1) How does this negative portrait of the Chinese as "mono-ethnic Hans invading their neighbors" affect the self image of the young Chinese Americans? I think it is tragic if a young Chinese American is seeing posters for a Free Tibet, and feeling negatively toward his own heritage. It is important for the second generation Chinese Americans to know their own heritage is one of multiple-ethnic, and a beautiful, complex and rich culture that embraces many tribes of people.

2) I've discovered a very sophisticated propaganda campaign by the Tibetan Movement to gain the support of many American people. I'm worried by how a politically motivated foreign minority group can mislead so many Americans. That is a whole other subject: the infiltration of the American minds.
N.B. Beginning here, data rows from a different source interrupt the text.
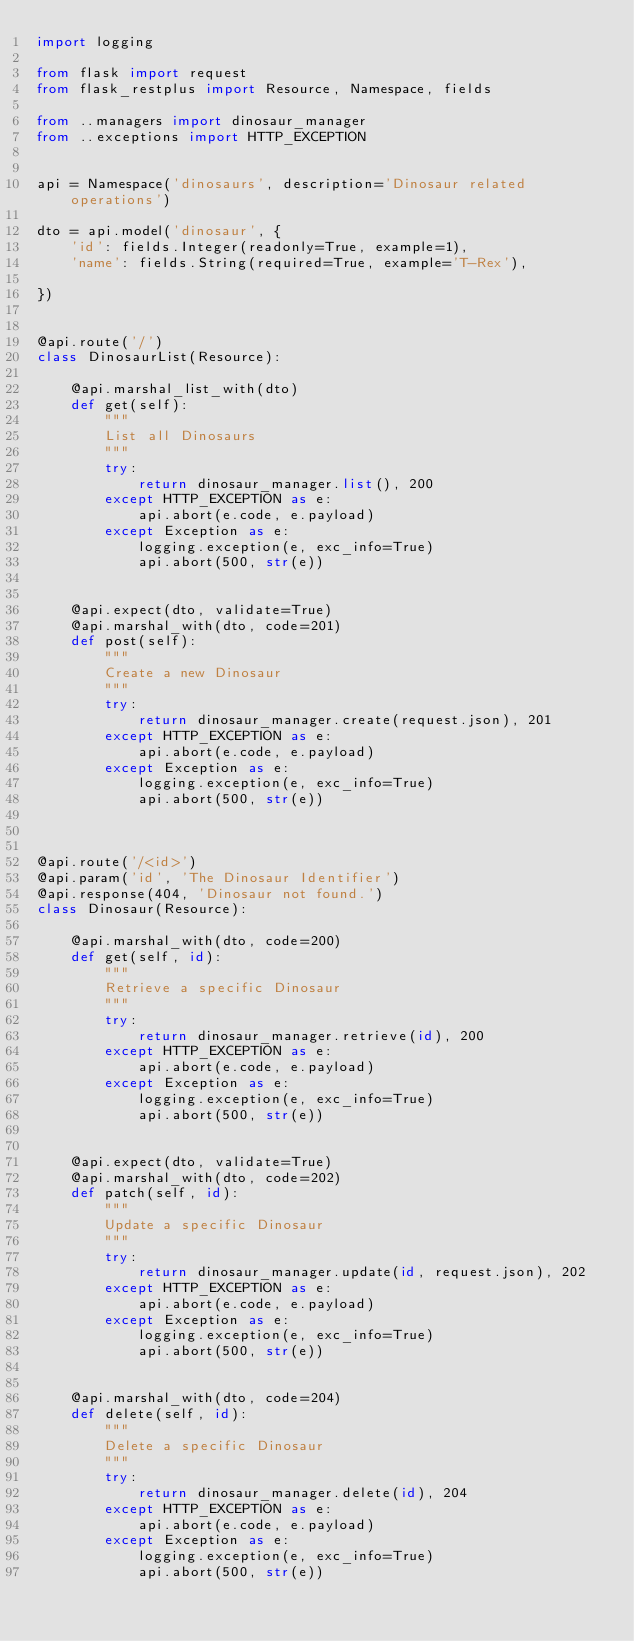<code> <loc_0><loc_0><loc_500><loc_500><_Python_>import logging

from flask import request
from flask_restplus import Resource, Namespace, fields

from ..managers import dinosaur_manager
from ..exceptions import HTTP_EXCEPTION


api = Namespace('dinosaurs', description='Dinosaur related operations')

dto = api.model('dinosaur', {
    'id': fields.Integer(readonly=True, example=1),
    'name': fields.String(required=True, example='T-Rex'),

})


@api.route('/')
class DinosaurList(Resource):

    @api.marshal_list_with(dto)
    def get(self):
        """
        List all Dinosaurs
        """
        try:
            return dinosaur_manager.list(), 200
        except HTTP_EXCEPTION as e:
            api.abort(e.code, e.payload)
        except Exception as e:
            logging.exception(e, exc_info=True)
            api.abort(500, str(e))


    @api.expect(dto, validate=True)
    @api.marshal_with(dto, code=201)
    def post(self):
        """
        Create a new Dinosaur
        """
        try:
            return dinosaur_manager.create(request.json), 201
        except HTTP_EXCEPTION as e:
            api.abort(e.code, e.payload)
        except Exception as e:
            logging.exception(e, exc_info=True)
            api.abort(500, str(e))



@api.route('/<id>')
@api.param('id', 'The Dinosaur Identifier')
@api.response(404, 'Dinosaur not found.')
class Dinosaur(Resource):

    @api.marshal_with(dto, code=200)
    def get(self, id):
        """
        Retrieve a specific Dinosaur
        """
        try:
            return dinosaur_manager.retrieve(id), 200
        except HTTP_EXCEPTION as e:
            api.abort(e.code, e.payload)
        except Exception as e:
            logging.exception(e, exc_info=True)
            api.abort(500, str(e))


    @api.expect(dto, validate=True)
    @api.marshal_with(dto, code=202)
    def patch(self, id):
        """
        Update a specific Dinosaur
        """
        try:
            return dinosaur_manager.update(id, request.json), 202
        except HTTP_EXCEPTION as e:
            api.abort(e.code, e.payload)
        except Exception as e:
            logging.exception(e, exc_info=True)
            api.abort(500, str(e))


    @api.marshal_with(dto, code=204)
    def delete(self, id):
        """
        Delete a specific Dinosaur
        """
        try:
            return dinosaur_manager.delete(id), 204
        except HTTP_EXCEPTION as e:
            api.abort(e.code, e.payload)
        except Exception as e:
            logging.exception(e, exc_info=True)
            api.abort(500, str(e))
</code>

While we are worried about how the Communist China may be spying on us, we are letting our guards down with other foreign groups.

I don't believe I could have seen through the highly sophisticated Tibet Independence propaganda myself, if I never had the experiences of growing up as a Mongolian Chinese in Taiwan. I will write another article about this propaganda campaign, and hope it will serve as a guide on how we may combat other propaganda levied at our nation. I hope the Americans will pay attention to it, so we don't become victims down the road. I think it is a very important subject for our nation's future.
[Please see article: How the Tibet movement can endanger America.]

3) More and more SFT (Student for a Free Tibet) chapters have formed. I see some of the most brilliant minds of our country--students in Stanford, and in Brown University, participating in the Tibet movement. What would happen if the future leaders of our country become thoroughly convinced at what the Tibet propaganda tells them?

In the 21st century, will there be an unbridgeable gap on the Tibetan issue between the future leaders of China, and the future leaders of the U.S.? Will America wage war on Tibet like she had on Kosovo? As I see in the case of the Kosovo bombing, the congress isn't even consulted. A few people in America can make the decision for the rest of us. What if a Brown SFT student becomes one of those few people in the future?

Will that lead to a war for our children?

I'm glad you, the reader, have given me the chance to tell you my view as a forgotten minority on the Tibet movement. In conclusion, I would like to point out some current situation in the U.S.:

As the number of Chinese immigrants are rising in the U.S., the multiple ethnicity of the Chinese people have traveled to the U.S. with them. One can open up a Chinese overseas newspaper now and find ads for Mongolian BBQ restaurants, Manchurian Chinese restaurants, and even Islamic Chinese restaurants. One of my favorite takeout food is from a Islamic Chinese restaurant, what I tell my kids are the "Chinese hamburgers". It's a sauted pastry with a filling of ground beef and finely chopped onion. The pastry seals the broth inside; and biting into this pastry gives one a delicious morsel.

As more immigrants from China arrive, I hope more Americans will come to experience the rich multiple-ethnic Chinese culture.

Buddhism was the major religion in China. There are many Chinese American Buddhists; my grandmother was one. Just about all Chinese Americans hope for democracy in China, and for the preservation of the traditional Chinese culture, of which Tibetan Buddhism is a well-respected presence. But we are against the misrepresentation of the Chinese people's multiple ethnic culture and China's borders by the Tibetan independence movement.

The battle for Tibet is not one of ethnic mistreatment, but a clash between the principles of Communism and the ideals of Buddhism. I myself support the preservation of the Tibetan culture and the Tibetan Buddhism. I support Tashi Tsering, who has built 46 schools to teach Tibetan children the Tibetan language. I hope one day the Tibetan Buddhist temples will be built across China for all the Chinese people. Thanks for reading.